If stale actor risk matters, the token must appear in the diagram.

7. Show async boundaries clearly #

Use different arrows or labels for:

sync metadata write
async scan
async publish
worker claim
replay / watch

Examples:

config store -> snapshot publisher
schedule store -> due scanner
queue log -> consumer
metadata store -> watch clients

Do not blur sync and async arrows.

8. Draw replay and recovery paths if they matter #

Infra designs often need repair paths in the HLD.

Examples:

reconciliation worker
reindexer
lease expiry scanner
replay from log
snapshot rebuild

If the main correctness story depends on repair, show the repair box.

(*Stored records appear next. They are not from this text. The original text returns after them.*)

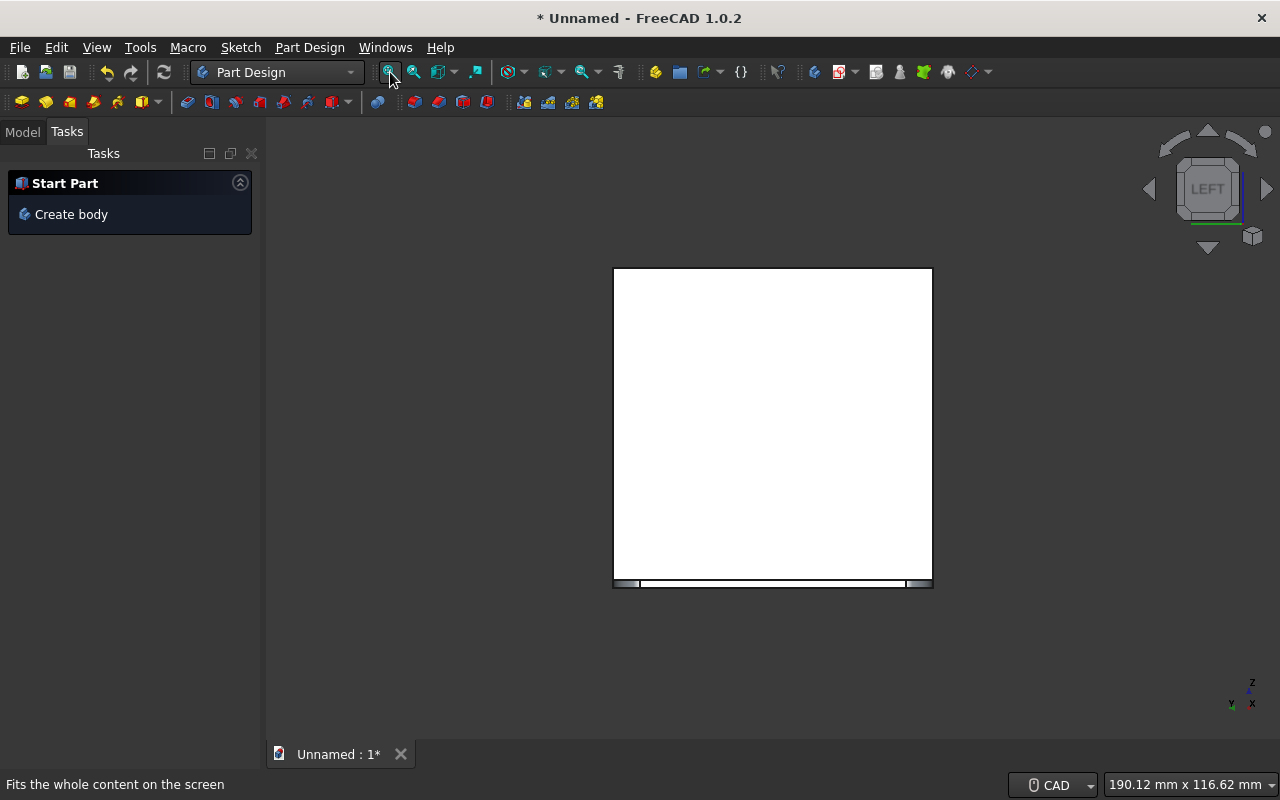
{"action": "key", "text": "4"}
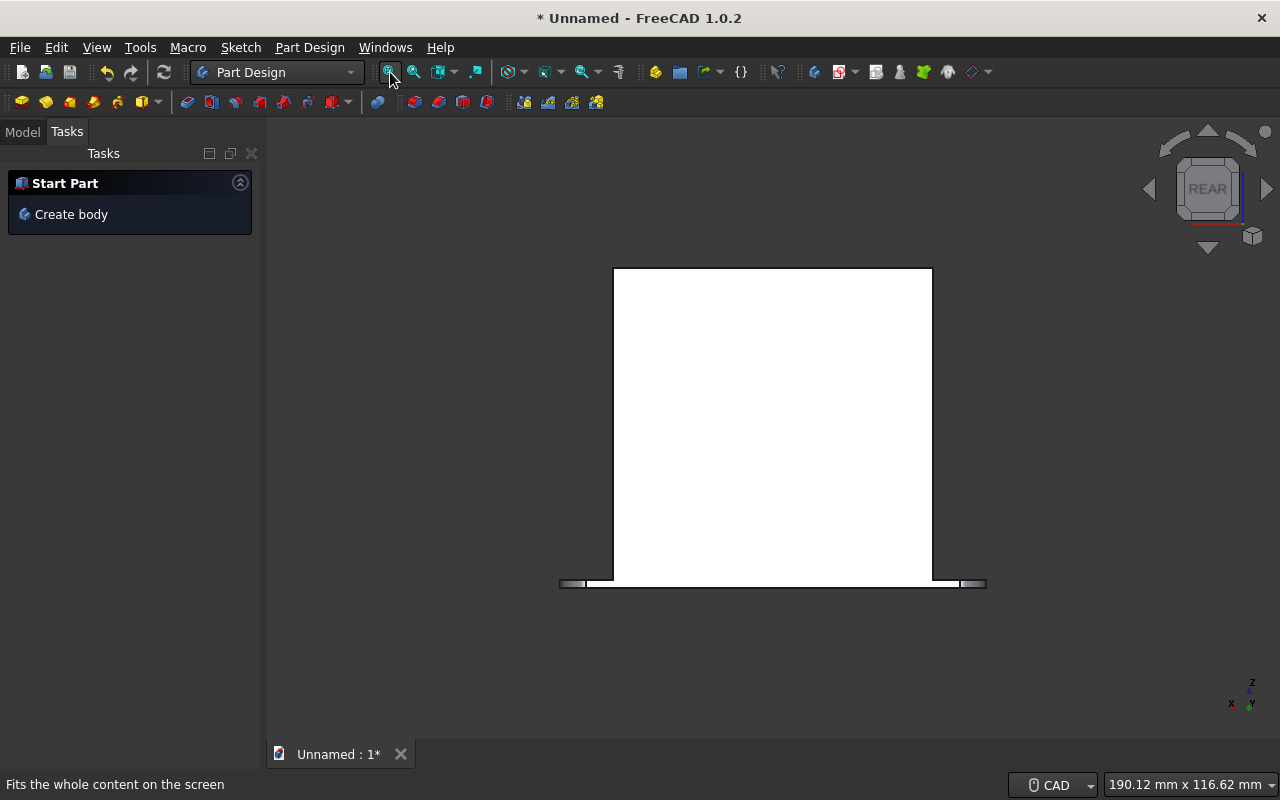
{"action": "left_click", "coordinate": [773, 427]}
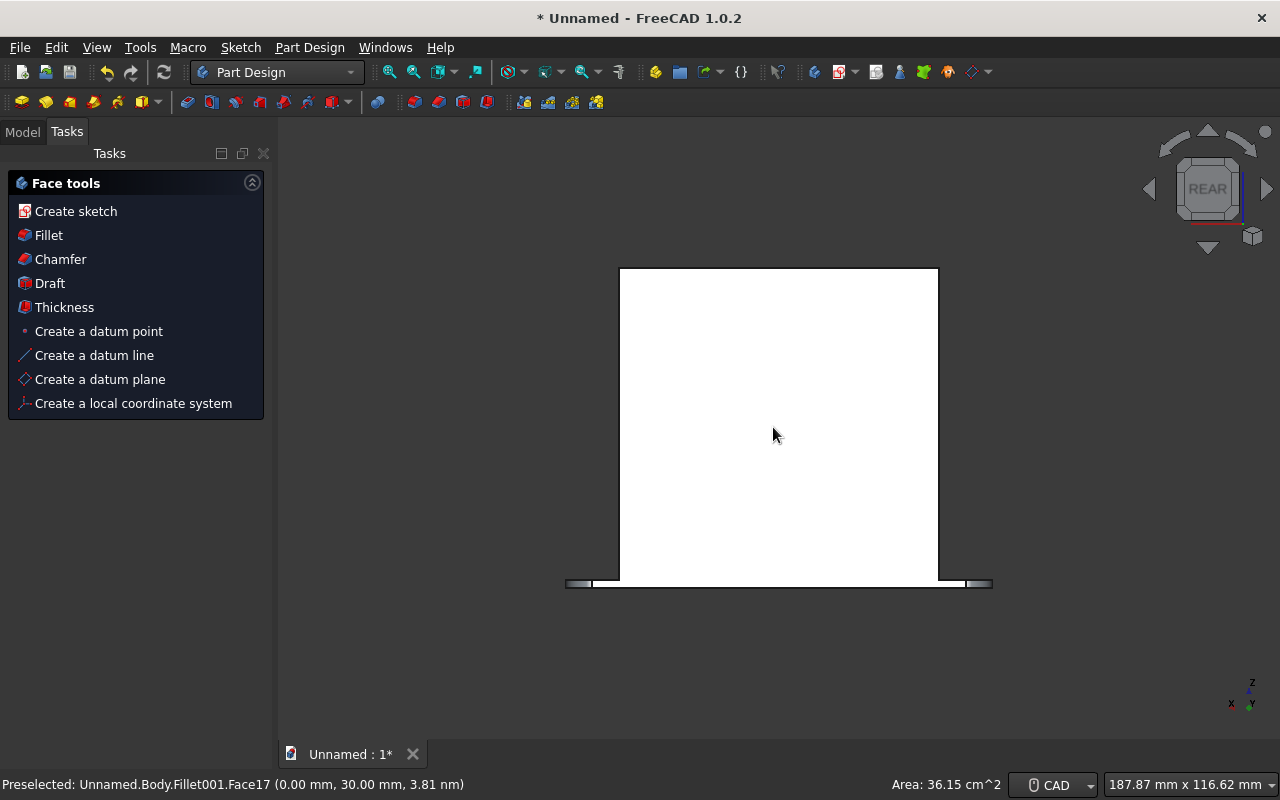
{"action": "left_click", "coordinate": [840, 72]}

9. Separate canonical truth from derived state #

Examples:

Config Store vs Local Snapshot
Queue Log vs Consumer Cache
Source Metrics vs Aggregated Dashboard
Membership Truth vs Presence View

Reason:

infra questions often hinge on whether the interviewer understands what is authoritative

10. Draw hot partitions or hot keys if they are central #

Examples:

due-time bucket in scheduler
hot tenant in rate limiter
hot lock id
hot queue partition
celebrity fanout equivalent in infra: hot config rollout or hot topic partition

If scale is a major deep dive, the hotspot should appear in the diagram.

11. Canonical drawing sequence #

Use this order every time:

write contract and invariants
draw client / caller
draw API / control service
draw canonical metadata or source-truth store
draw async scanner / publisher / worker
draw execution plane or downstream handlers
draw derived views or local snapshots
draw repair / reconciliation path
mark the hard spot for deep dive

This prevents infra diagrams from becoming tool soup.

12. Default skeletons by infra system type #

Coordination / lock service #

Client
Lock API
Metadata Store
Watch / Renew Path
Downstream Protected Resource

Optional:

Fencing Token Validator

Queue #

Producer
Broker API
Message Log
Visibility Timeout Manager
Consumer
DLQ

Scheduler #

Scheduler API
Schedule Store
Due Scanner
Runnable Queue
Worker
Run State Store

Config / feature flag / policy #

Admin / Control Client
Config API
Config Store
Snapshot Publisher
Agents / SDKs
Local Snapshot Cache

Rate limiter #

Client
Decision Service
Budget / Token Store
maybe Local Token Cache
Reconciliation / Refill Path

Metrics / tracing #

Agent / Emitter
Ingest Service
Durable Log / Time-Series Store
Aggregation Pipeline
Query Service
Dashboard / Alert Engine

13. Questions to ask for every box #

For each box, answer:

what contract does this box enforce?
what state does it own?
is it source truth or derived state?
is it sync or async?
what invariant would break if this box disappeared?

If you cannot answer these, simplify.

14. What to say while drawing #

Use lines like:

This box owns the canonical lease state.
This path is synchronous because correctness depends on it.
This worker is asynchronous because bounded lag is acceptable here.
These local snapshots are derived; the control store remains canonical.
I’m showing the reconciliation loop because repair is part of the design, not an afterthought.

15. Common mistakes #

drawing Raft/Kafka/Redis before defining the contract
not showing the canonical state owner
hiding lease / epoch / offset state
mixing control truth with execution state
skipping reconciliation or replay paths
drawing every operational detail instead of the correctness-critical pieces
not distinguishing sync control path from async execution path

16. Interview one-liner #

For infra HLDs I start from the contract and invariants, then draw the canonical state owner, then the control path, then the execution path, and finally the repair or replay path. That keeps the diagram focused on correctness instead of tools.